• **What is required**: Write out again, exactly, the lines below starting at the one with "#1 pillar with roof beam (1062,0,1090,170)" and ending at the one with "(-2, 54, -15))".

• **Material provided**:
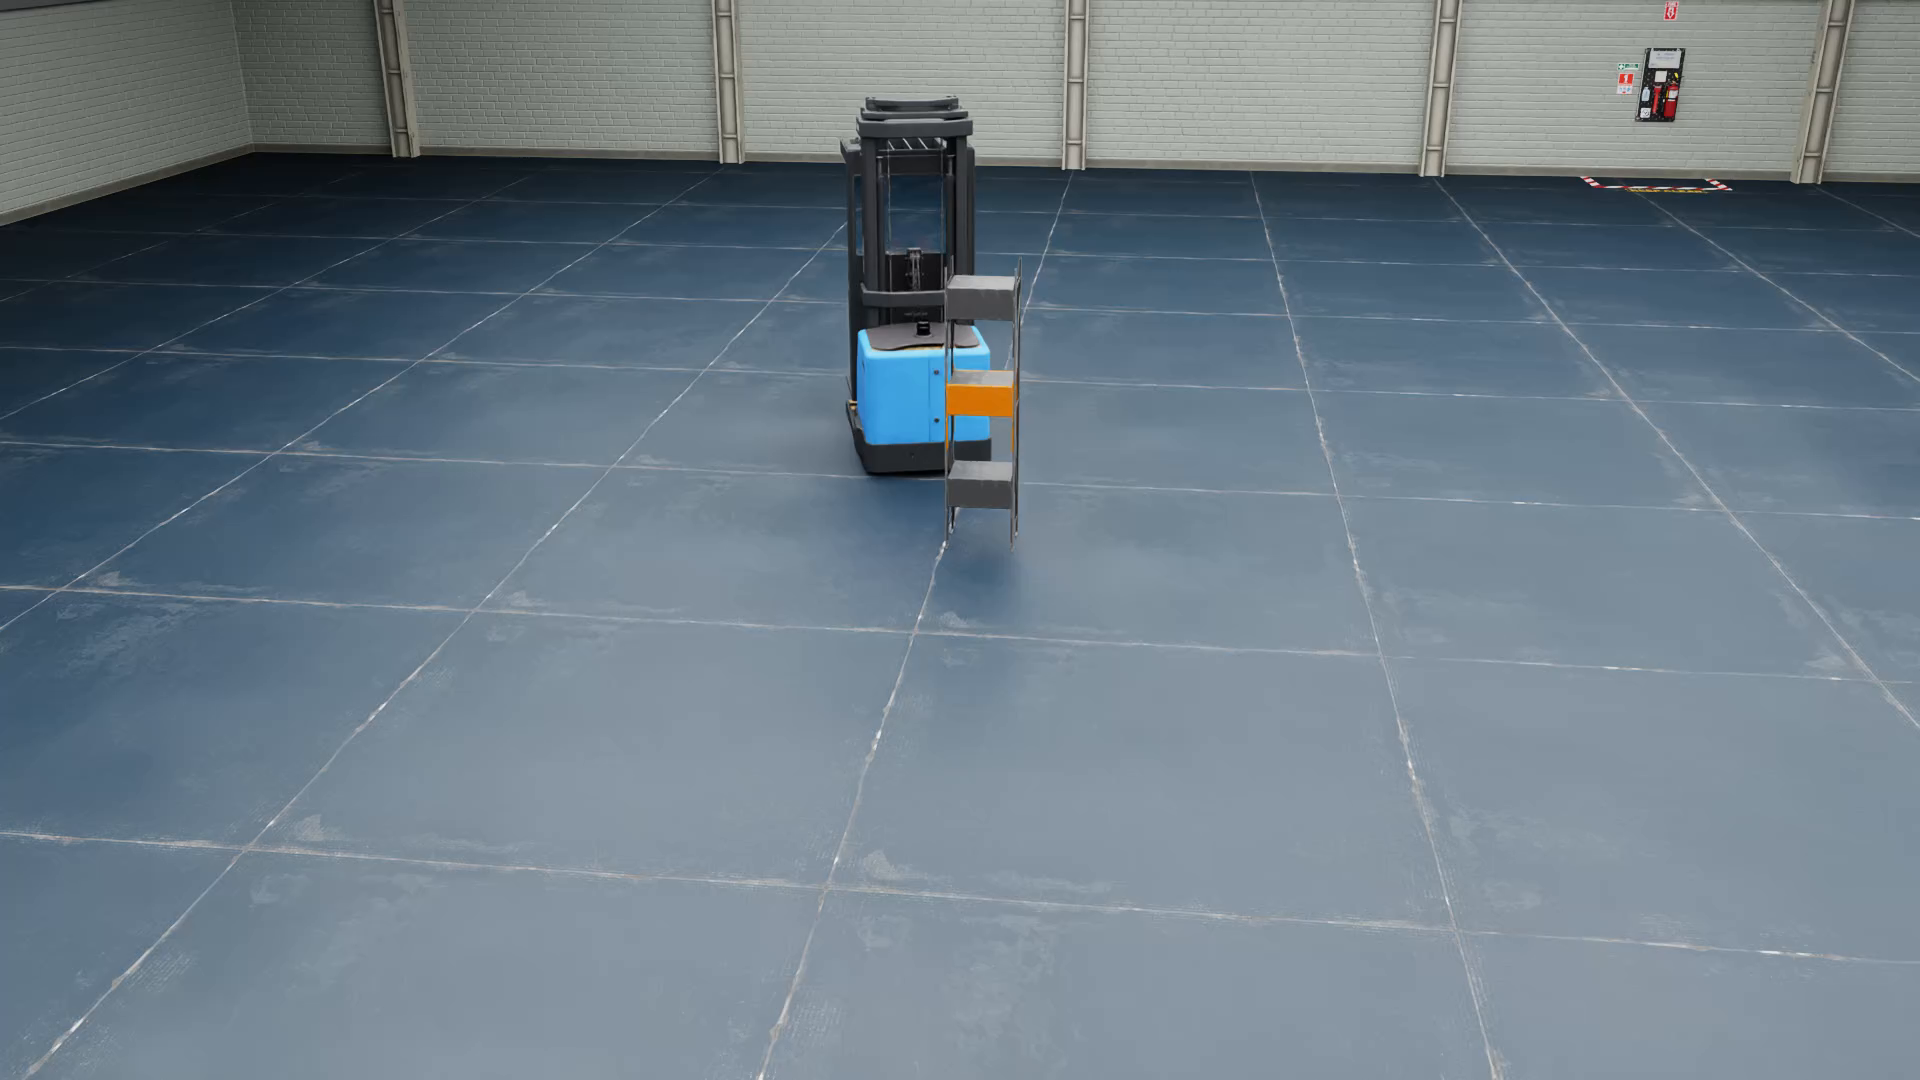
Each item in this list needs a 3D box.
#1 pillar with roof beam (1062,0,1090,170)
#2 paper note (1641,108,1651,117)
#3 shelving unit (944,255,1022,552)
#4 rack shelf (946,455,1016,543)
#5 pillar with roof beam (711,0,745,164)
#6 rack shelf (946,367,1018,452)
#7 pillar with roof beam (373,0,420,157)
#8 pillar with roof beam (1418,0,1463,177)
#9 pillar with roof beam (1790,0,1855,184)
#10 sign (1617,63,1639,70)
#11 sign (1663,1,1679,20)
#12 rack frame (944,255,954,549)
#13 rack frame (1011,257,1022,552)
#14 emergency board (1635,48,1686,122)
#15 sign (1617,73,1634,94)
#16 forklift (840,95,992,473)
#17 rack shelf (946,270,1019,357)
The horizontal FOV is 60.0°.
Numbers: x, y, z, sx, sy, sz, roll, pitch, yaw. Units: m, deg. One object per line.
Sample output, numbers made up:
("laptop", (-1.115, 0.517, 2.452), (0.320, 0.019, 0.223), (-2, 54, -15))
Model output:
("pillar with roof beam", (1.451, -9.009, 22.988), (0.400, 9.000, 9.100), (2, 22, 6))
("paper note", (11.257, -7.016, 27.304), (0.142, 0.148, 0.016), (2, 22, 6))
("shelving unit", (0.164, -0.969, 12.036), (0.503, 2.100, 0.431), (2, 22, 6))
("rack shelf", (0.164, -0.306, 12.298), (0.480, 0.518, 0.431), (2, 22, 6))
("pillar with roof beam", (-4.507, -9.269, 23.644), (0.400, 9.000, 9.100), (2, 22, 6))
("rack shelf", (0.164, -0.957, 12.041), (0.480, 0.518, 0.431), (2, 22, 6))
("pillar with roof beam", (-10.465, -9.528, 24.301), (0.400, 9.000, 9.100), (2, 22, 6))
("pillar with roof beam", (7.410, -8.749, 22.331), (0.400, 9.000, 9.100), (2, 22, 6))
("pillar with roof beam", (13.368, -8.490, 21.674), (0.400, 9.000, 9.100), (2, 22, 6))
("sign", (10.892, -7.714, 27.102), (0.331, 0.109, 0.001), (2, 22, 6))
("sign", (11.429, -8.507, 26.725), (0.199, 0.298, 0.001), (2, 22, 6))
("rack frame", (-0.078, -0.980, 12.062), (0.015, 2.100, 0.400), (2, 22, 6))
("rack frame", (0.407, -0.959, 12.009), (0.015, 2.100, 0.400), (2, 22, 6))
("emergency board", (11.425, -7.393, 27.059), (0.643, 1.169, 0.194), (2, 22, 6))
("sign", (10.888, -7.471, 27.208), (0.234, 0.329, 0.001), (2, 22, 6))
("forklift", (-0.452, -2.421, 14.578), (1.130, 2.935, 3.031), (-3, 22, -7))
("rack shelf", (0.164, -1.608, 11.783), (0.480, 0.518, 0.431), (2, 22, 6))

• **Finished exercise**:
#1 pillar with roof beam (1062,0,1090,170)
#2 paper note (1641,108,1651,117)
#3 shelving unit (944,255,1022,552)
#4 rack shelf (946,455,1016,543)
#5 pillar with roof beam (711,0,745,164)
#6 rack shelf (946,367,1018,452)
#7 pillar with roof beam (373,0,420,157)
#8 pillar with roof beam (1418,0,1463,177)
#9 pillar with roof beam (1790,0,1855,184)
#10 sign (1617,63,1639,70)
#11 sign (1663,1,1679,20)
#12 rack frame (944,255,954,549)
#13 rack frame (1011,257,1022,552)
#14 emergency board (1635,48,1686,122)
#15 sign (1617,73,1634,94)
#16 forklift (840,95,992,473)
#17 rack shelf (946,270,1019,357)
The horizontal FOV is 60.0°.
Numbers: x, y, z, sx, sy, sz, roll, pitch, yaw. Units: m, deg. One object per line.
Sample output, numbers made up:
("laptop", (-1.115, 0.517, 2.452), (0.320, 0.019, 0.223), (-2, 54, -15))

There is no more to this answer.